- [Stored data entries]
- Opening Delimiter -

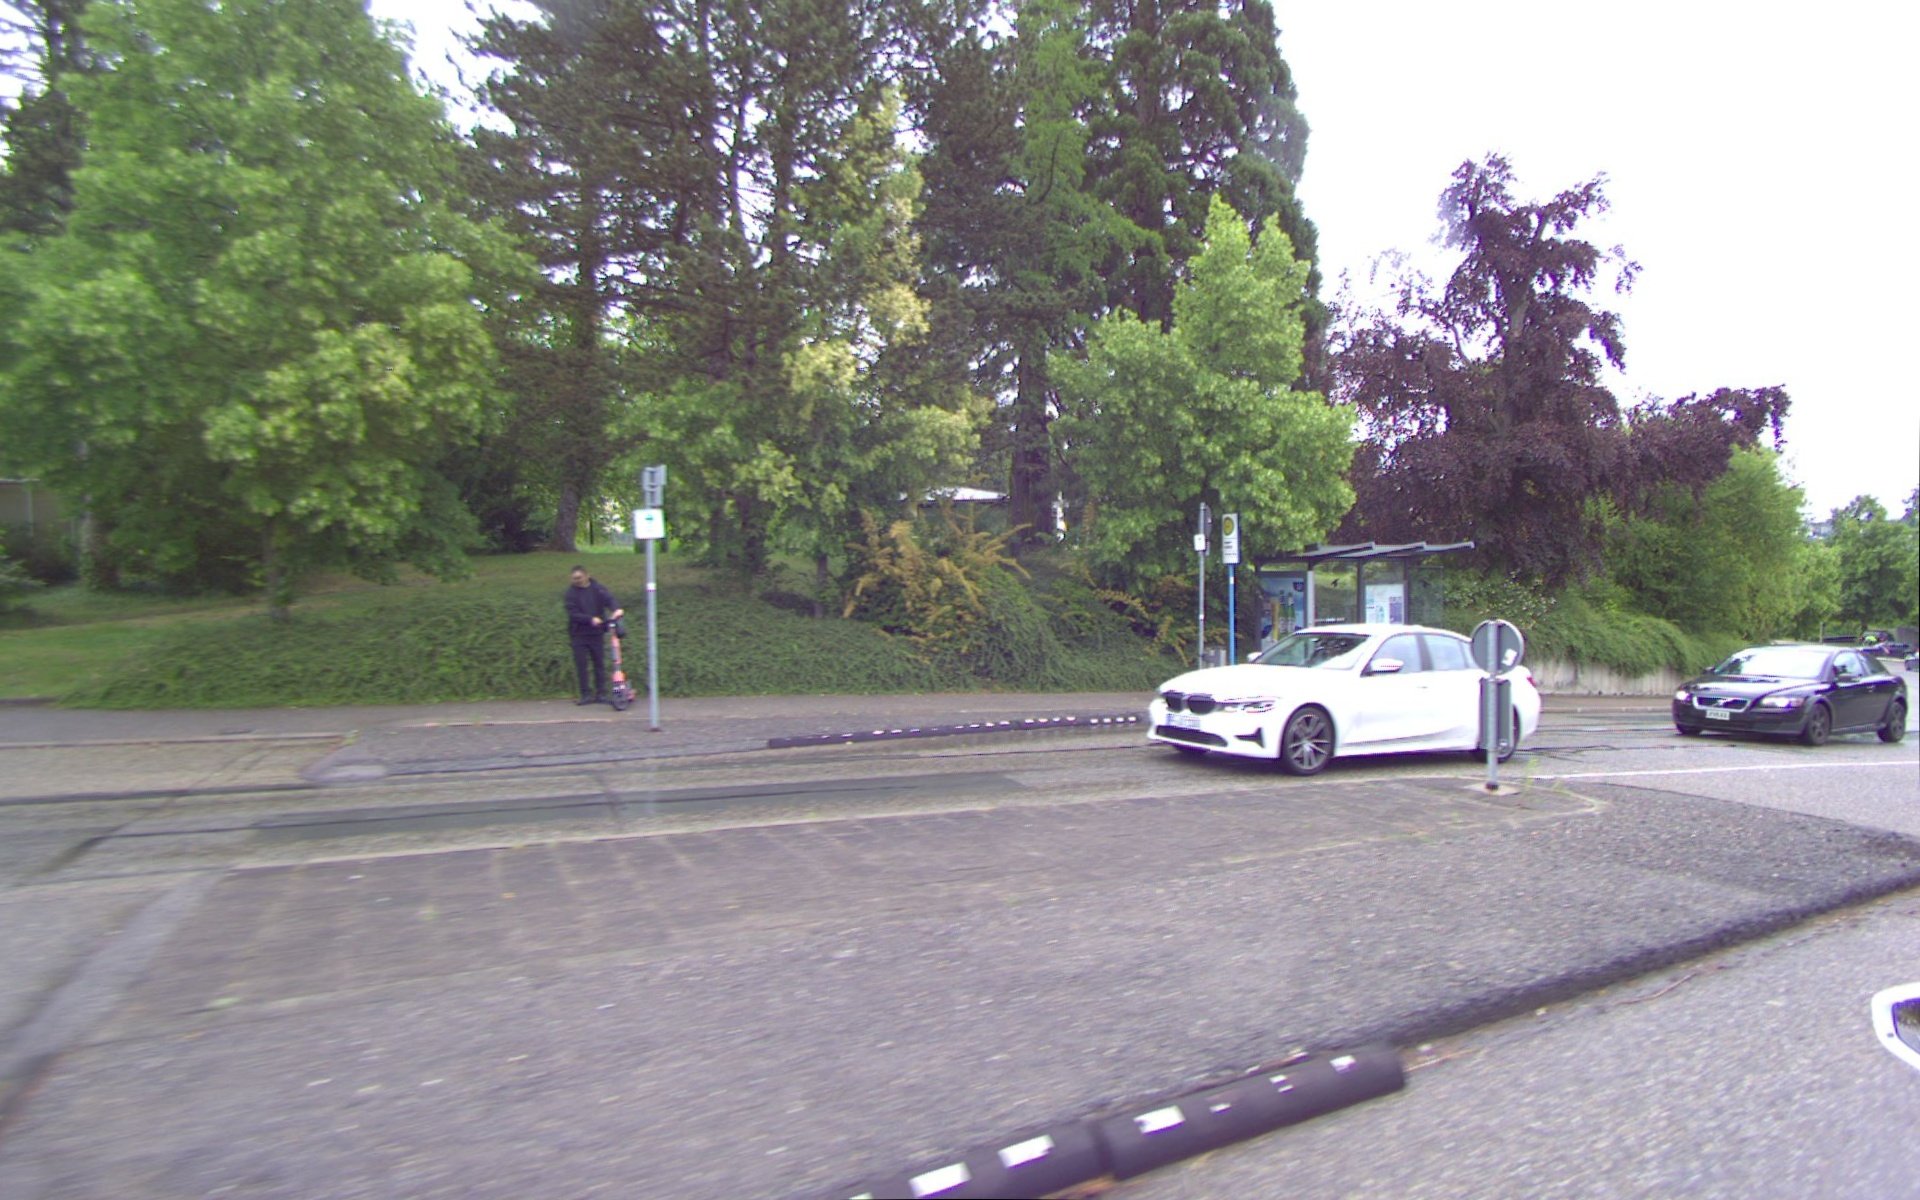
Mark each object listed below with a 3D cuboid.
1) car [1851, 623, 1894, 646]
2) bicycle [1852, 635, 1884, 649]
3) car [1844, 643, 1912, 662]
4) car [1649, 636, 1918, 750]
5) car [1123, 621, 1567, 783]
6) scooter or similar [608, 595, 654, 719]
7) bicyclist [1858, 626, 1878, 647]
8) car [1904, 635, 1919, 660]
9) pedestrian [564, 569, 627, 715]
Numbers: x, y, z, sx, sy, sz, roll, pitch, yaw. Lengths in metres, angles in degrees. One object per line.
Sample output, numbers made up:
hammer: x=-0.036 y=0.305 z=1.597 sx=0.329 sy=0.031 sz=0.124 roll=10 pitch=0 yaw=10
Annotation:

- Closing Delimiter -

Where a line above contains the word "object", copy that line.

- [Solution to this problem]
Mark each object listed below with a 3D cuboid.
Numbers: x, y, z, sx, sy, sz, roll, pitch, yaw. Lengths in metres, angles in degrees. One object per line.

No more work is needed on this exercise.